3 After reviewing the PSR and the parties’ briefs, we evaluate these felony

convictions:

1. A 2002 conviction, as a juvenile, for “Possession of a controlled dangerous substance with intent to distribute,” Case No: JDL-02-1119; 2. Two 2004 convictions, as an adult, first, for “Possession of a controlled dangerous substance with intent to distribute,” and, second, for “Conspiracy for unlawful distribution of controlled dangerous substance,” 2 Case No: CF-2004-5069; 3. A 2007 conviction for “Domestic abuse by strangulation” Case No: CF-2007-189; and 4. Two 2008 convictions charged together, first, for “Burglary, first degree,” and, second, “Domestic assault and battery,” Case No: CR-2007-3486.

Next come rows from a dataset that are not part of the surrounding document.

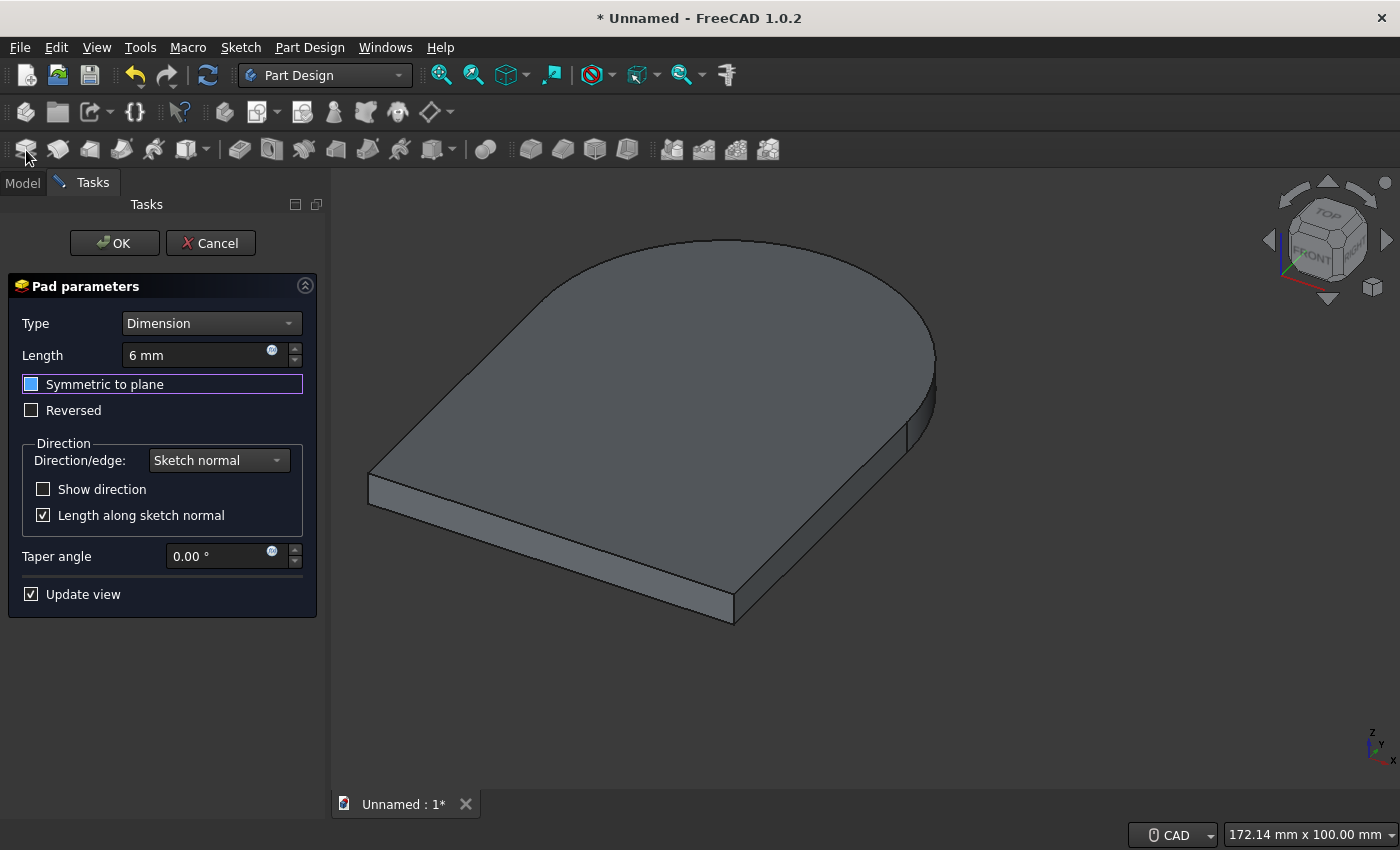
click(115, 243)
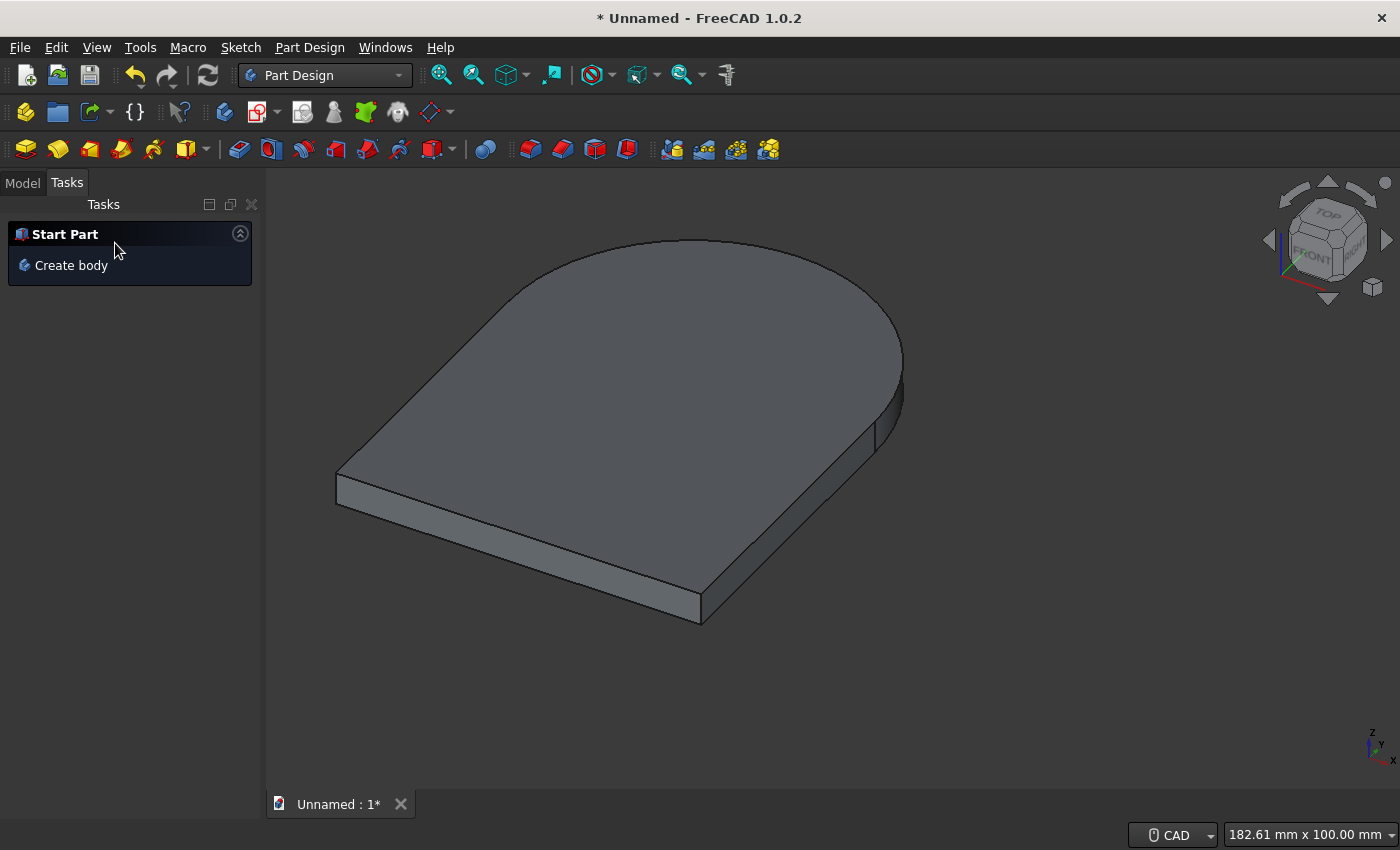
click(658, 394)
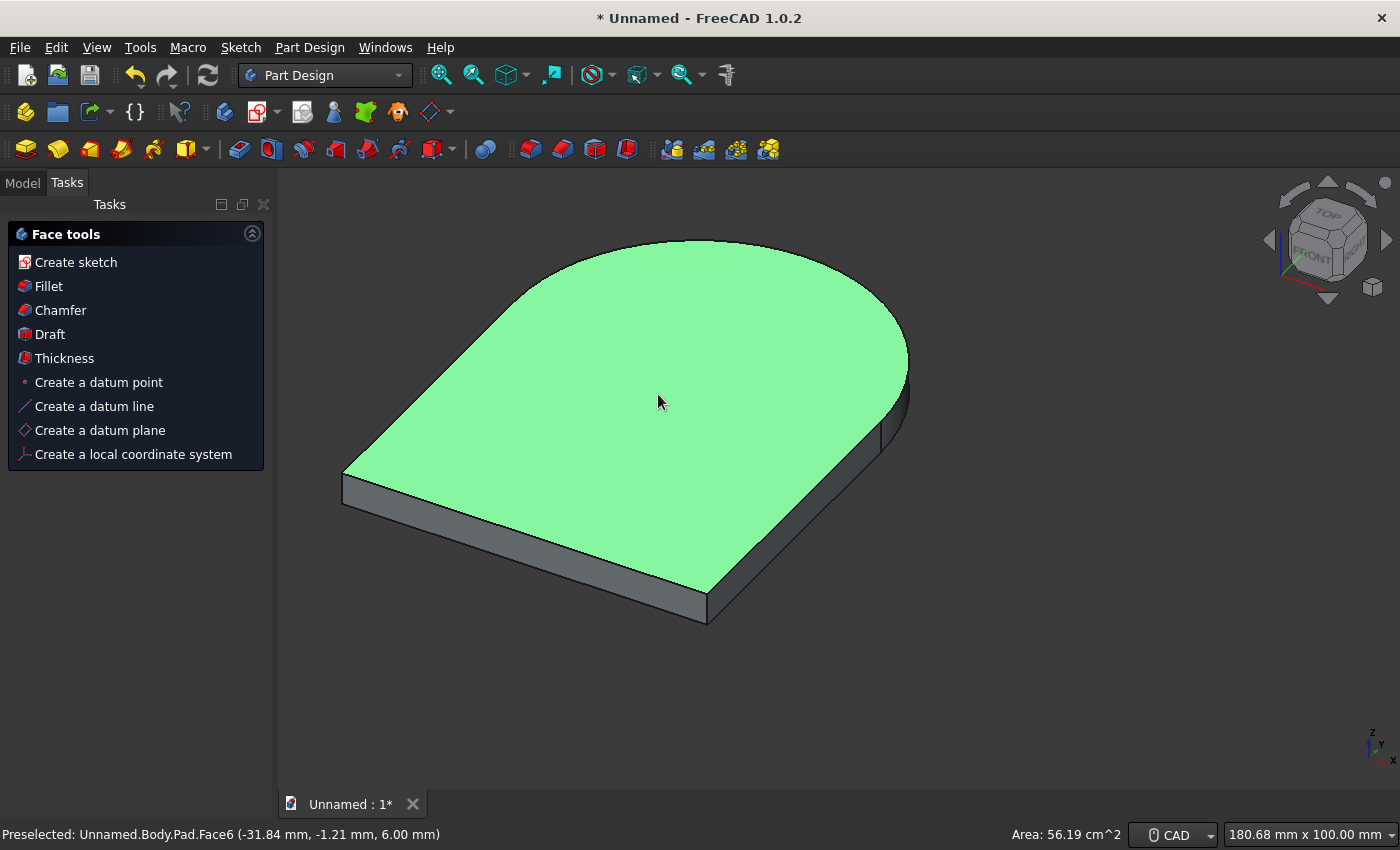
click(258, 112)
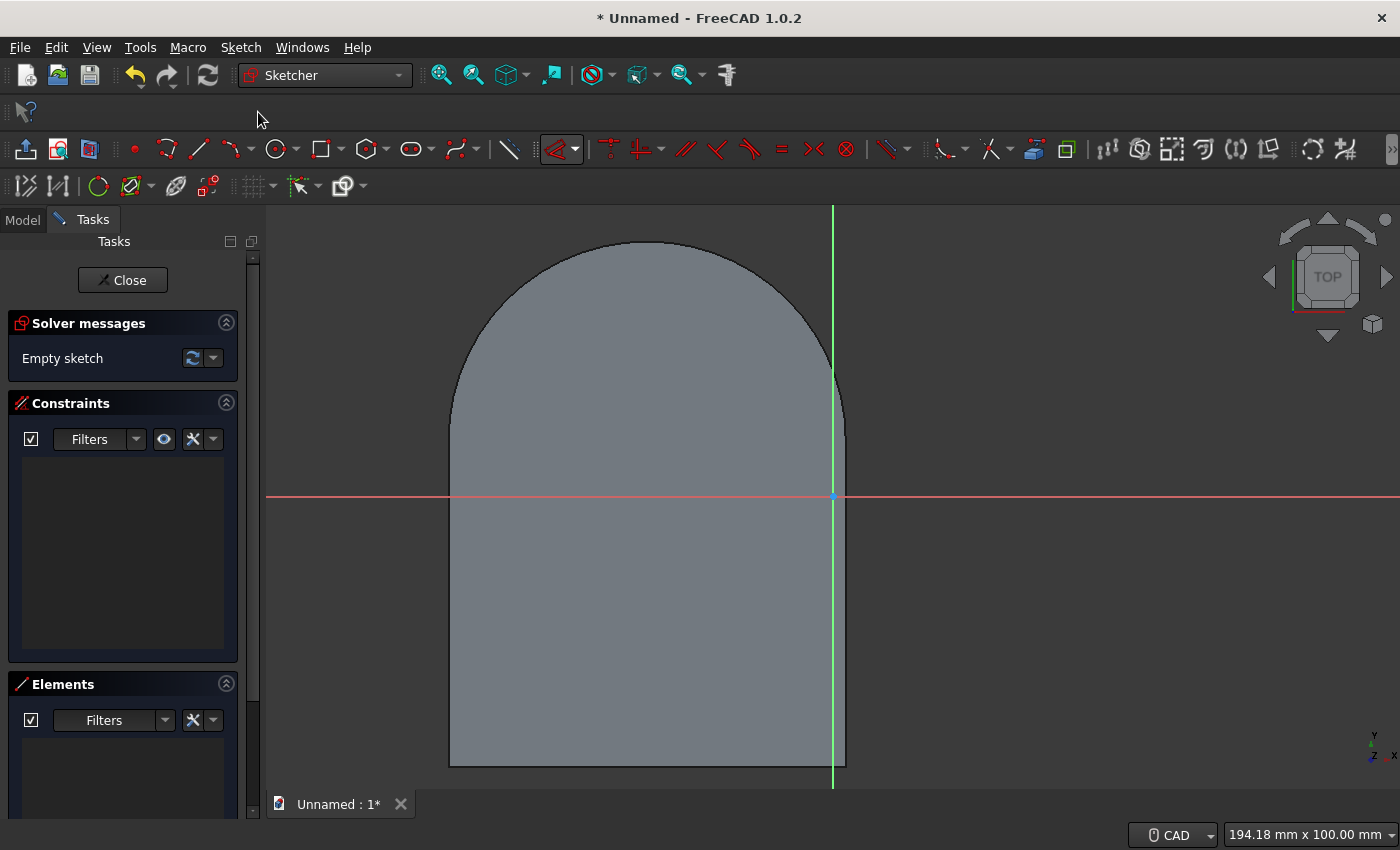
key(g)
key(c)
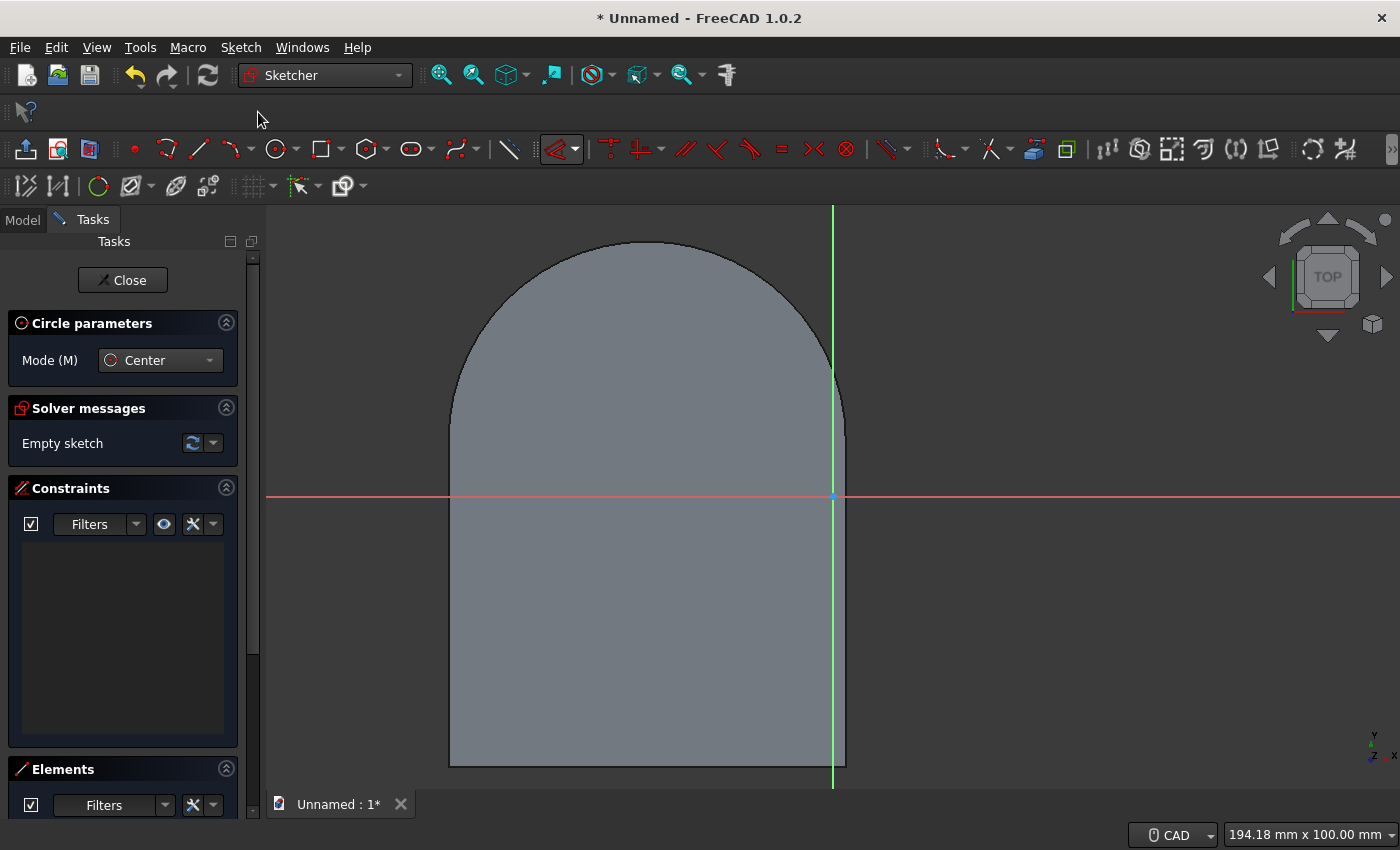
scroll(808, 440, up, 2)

Facing no objection from Mr. Abbo, so without identifying which of his felony

convictions it relied on, the district court generally concluded that he qualified for an

enhanced sentence under the ACCA. The district court adopted the PSR and sentenced

Mr. Abbo to 15 years’ imprisonment. Mr. Abbo appealed, but on non-ACCA grounds,

and we affirmed. United States v. Abbo, 515 F. App’x 764 (10th Cir. 2013).

Having lost his bid for a COA in the district court, Mr. Abbo has appealed. We

will issue a COA only where “the applicant has made a substantial showing of the denial

of a constitutional right.” 28 U.S.C. § 2253(c)(1)(B), (c)(2). To make such a showing,

“[t]he petitioner must demonstrate that reasonable jurists would find the district court’s

assessment of the constitutional claims debatable or wrong.” Slack v. McDaniel, 529 U.S.

473, 484 (2000).

2 The parties did not address whether the conspiracy charge counts independently as a serious drug offense, so we do not reach the issue since Mr.